Excited Delirium – An unsatisfactory diagnosis

“Excited Delirium” (ED) is a medical condition more likely to be diagnosed by law enforcement agencies than by medical personnel.

It is a title accepted by many forensic pathologists, becoming the most common diagnosis on the death certificates of individuals dying in custody after being Tasered. In spite of this, it has yet to be an accepted diagnosis for psychiatrists, and remains controversial in medical circles. Nevertheless a professional association of Emergency Physicians in the United States has thrown its support behind the diagnosis. It is these physicians who are most likely to encounter the condition, on referral from police.

Why is the diagnosis of Excited Delirium controversial?

A diagnosis should take into account factors such as:

  • The underlying pathological process such as inflammation, cancerous proliferation, or injury.
  • The specific anatomical site
  • The probable aetiological agent or condition such as a particular infecting organism, or a chromosomal abnormality..
  • A particular body state, such as obesity, hypertension or coma.
  • An organ or system failure

 Excited delirium is a descriptive name not fulfilling such criteria

It has two aspects not specific to any one medical complaint.

  1. Delirium is a non-specific clinical feature of many illness including febrile states, psychiatric ailments and drug and alcohol induced intoxication. Consciousness is clouded; there may be involuntary movements, hallucinations, incoherent speech, and pyrexia with profuse sweating and rapid pulse.
  2. The word “excited” adds a connotation of agitation, hyperactivity, aggression, increased strength and increased pain tolerance, to the clinical picture.

 

In the same way that terminal uraemic coma supervenes in renal failure, Excited Delirium can evolve from a less serious state of a drug or chemical intoxication, or extreme hyperactivity in manic psychiatric illnesses. Attempts to restrain patients physically, or with capsicum spray and Tasers are likely to be counter-productive and to precipitate such a transition.

A diagnosis of Excited Delirium is often made by a process of exclusion of other causes at autopsy. The absence of any structural pathology suggests that death is due to fatal physiological changes such as extreme tachycardia (rapid heart rate) leading to circulatory failure, respiratory compromise, and a dangerously high body temperature. These finding suggest excessive stimulation, and hyperactivity of, the autonomic nervous system. Such changes are no longer apparent after death on autopsy examination.

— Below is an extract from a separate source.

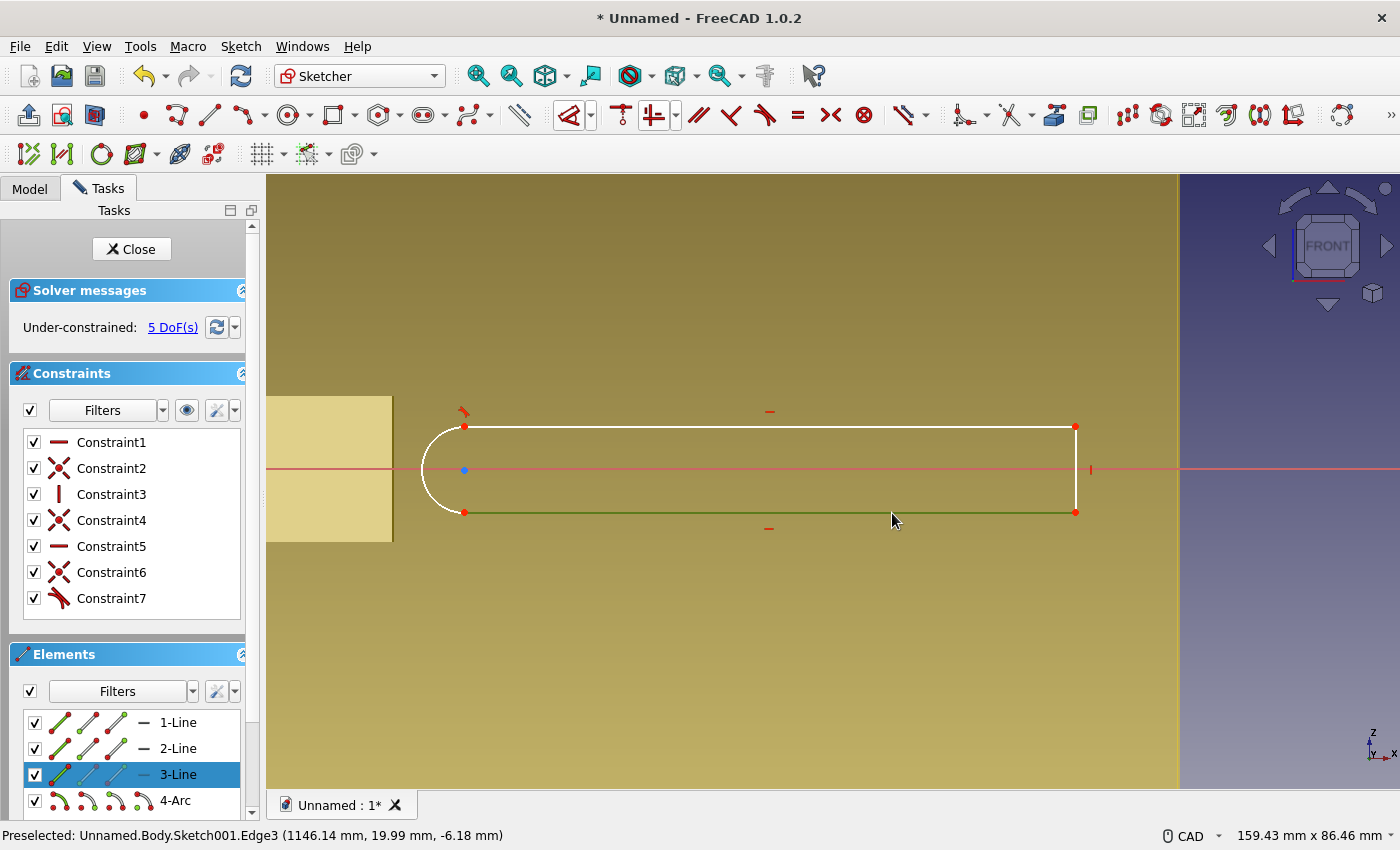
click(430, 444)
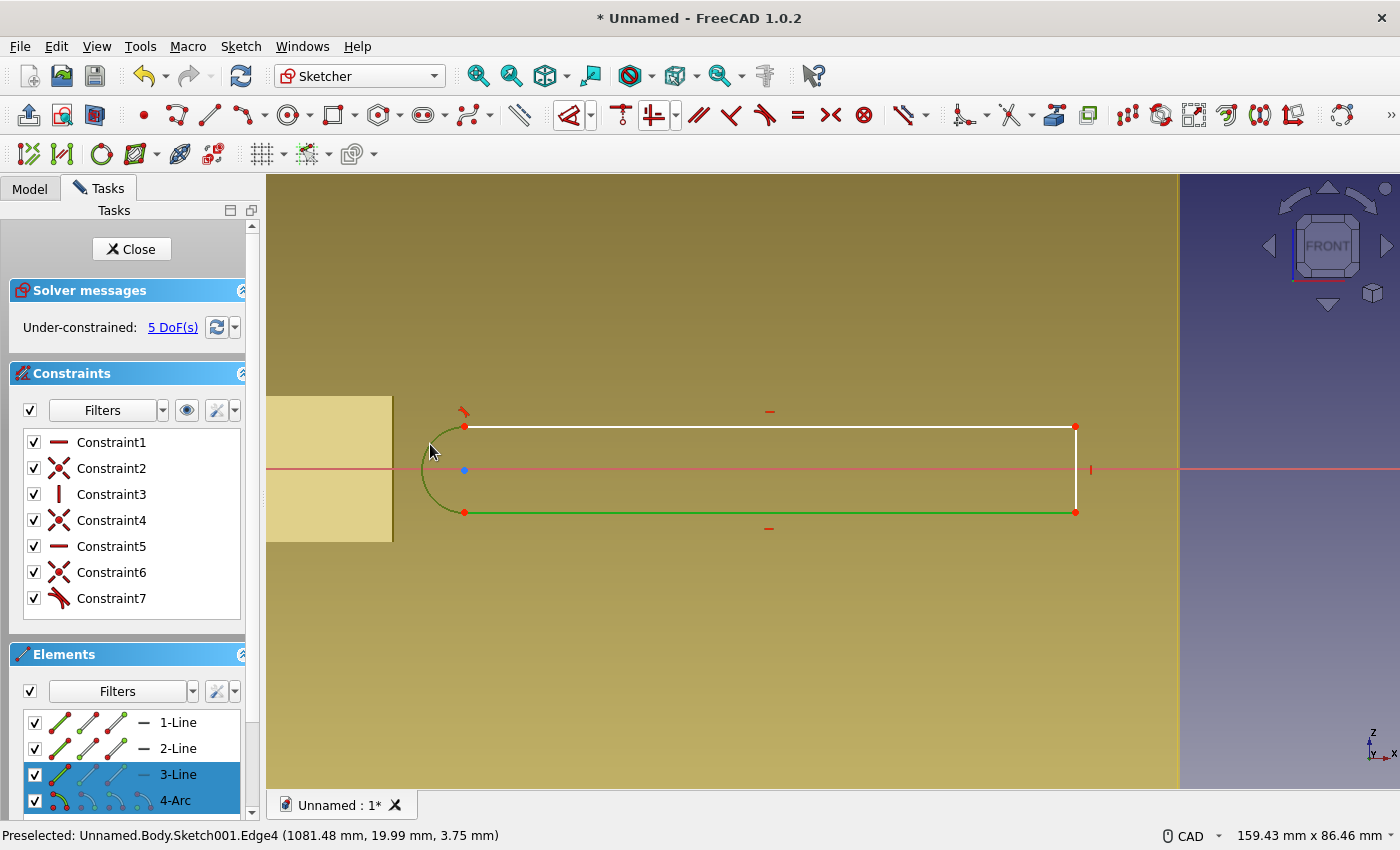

In 2008 the Minister of Justice for Novo Scotia, Cecil P. Clarke, appointed an expert panel to review the use of conducted energy devices (CED) by law enforcement agencies.

http://gov.ns.ca/just/public_safety/_docs/Excited%20Delirium%20Report.pdf

This enquiry was detailed, the recommendations well-considered, and relevant to our Australian experiences. It merits detailed study in its entirety, but this post focuses on the use of the term “Excited Delirium”, a term better replaced by “Autonomic Hyper-arousal State” (AHS), as suggested by the expert panel.